Table 3 Detailed performance for the I3D-FL-PKF workflow pipeline
Fig. 2
figure 2

Confusion matrices for phase recognition results: a I3D prediction results, b I3D-PKF prediction results, c I3D-FL-PKF prediction results. The X and Y-axis represent predicted label and ground truth, respectively. The “Not a phase” is denoted as P0. The “Ligation of short gastric vessels” phase is denoted as P1. The “Gastric transection” phase is denoted as P2. The “Bougie” phase is denoted as P3. The “Oversew staple line” phase is denoted as P4. The “Exploration/inspection” phase is denoted as P5. The “Liver retraction” phase is denoted as P6. The “Hiatal hernia repair” phase is denoted as P7. The “Gastric band removal” phase is denoted as P8

Fig. 3
figure 3

Color-coded ribbon illustration for phase recognition results: a InceptionV3-BiLSTM-FL prediction results, b InceptionV3-BiLSTM-FL-PKF prediction results, c I3D-FL prediction results, d I3D-FL-PKF prediction results, e Ground Truth

In order to have a better understanding of the model performance, we plot the confusion matrices in Fig. 2. Adding PKF in the workflow can improve sensitivity for five surgical phases including “Ligation of short gastric vessels,” “Oversew staple line,” “Gastric transection,” and so on. Utilizing focal loss during training can help improve sensitivity for “Liver retraction,” “Hiatal hernia repair,” and “Gastric band removal.” As shown in Table 1, we lack training data for those surgical phases. This demonstrates that using focal loss during training can alleviate the imbalanced data problem. Surgical phases are misclassified as “Not a phase” in most prediction errors. This is because some video clips annotated as “Not a phase” do not have easily distinguishable visual clues. “Not a phase” class includes many surgical activities which make it hard for the model to learn well. The “Exploration/inspection” surgical phase is hard for the model to learn well. The reason might be that video clips annotated as “Exploration/inspection” look similar to some video clips annotated as “Not a phase.” The “Bougie” surgical phase is also hard for the model to learn well. This is likely due to its short duration. Both focal loss and PKF fail to improve the performance in the “Exploration/inspection” phase and the “Bougie” phase.
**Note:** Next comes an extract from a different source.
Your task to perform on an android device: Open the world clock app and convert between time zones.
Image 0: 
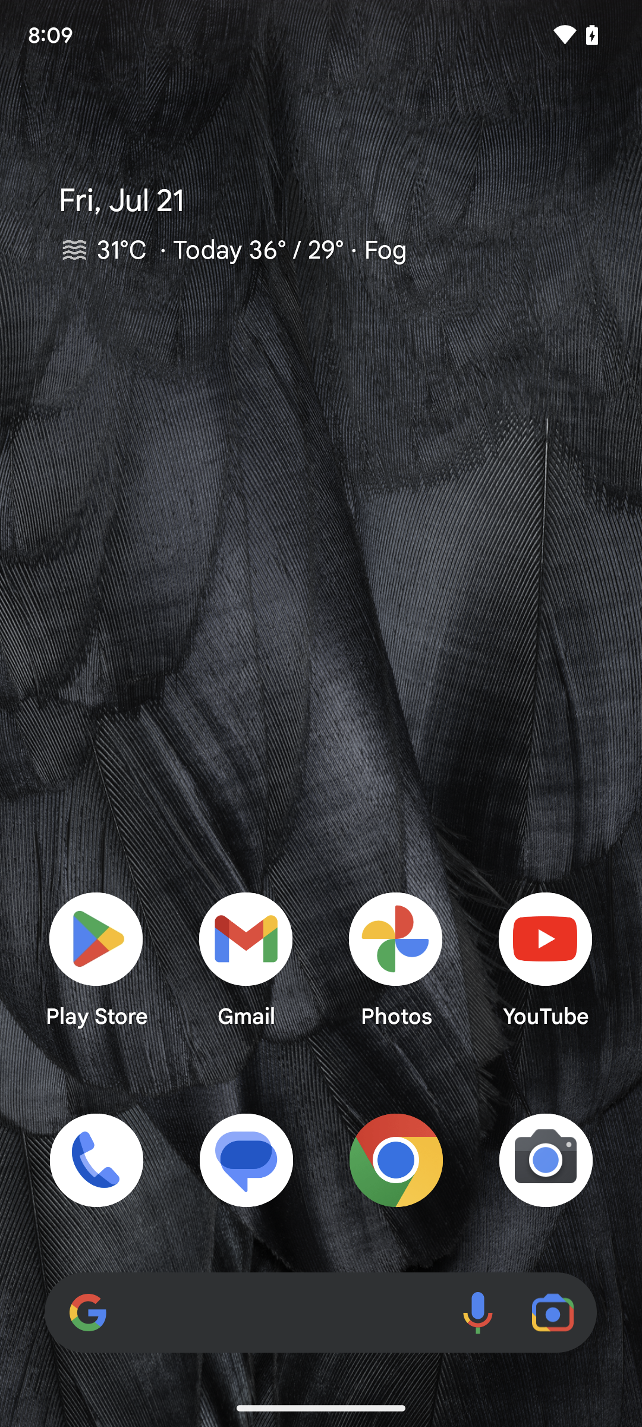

As shown in Fig. 3, we visualize the raw prediction results from I3D-FL model output and InceptionV3-BiLSTM-FL model output for two test videos as examples as well as visualize the predictions from I3D-FL-PKF workflow and InceptionV3-BiLSTM-FL-PKF workflow for those two test videos. The I3D-FL-PKF workflow output results clearly have less prediction noise than the InceptionV3-BiLSTM-FL-PKF workflow output. The results demonstrate the ability of the I3D-FL-PKF workflow to obtain consistent and smooth predictions both within the surgical phases and during the phase transitions.

Conclusion

In this paper, we implement a 3DCNN-based surgical workflow recognition pipeline named I3D-FL-PKF and apply it to sleeve gastrectomy surgical workflow recognition. Results show that utilizing focal loss, the prior knowledge filtering, our proposed annotation segment balanced sampling technique, and the data augmentation technique can improve the performance of the pipeline. By utilizing 3DCNN, focal loss, and the prior knowledge filtering, the proposed workflow outperforms the traditional CNN–RNN design. It can obtain consistent and smooth predictions both within the surgical phases and during the phase transitions. For future work, we intend to apply the proposed approach to other surgeries like radical retropubic prostatectomy, sacrocolpopexy, and ventral hernia repair for surgical workflow recognition. We want to design a weighted focal loss that focuses on the surgical phases with lower performance. To replace the grid search method, we want to design a better hyperparameter selection method for the prior knowledge filtering algorithm. In the future, we also want to apply the proposed approach to other vision-based projects, such as detecting surgical tool usage in surgical videos and identifying when the surgeon is idle during the surgery.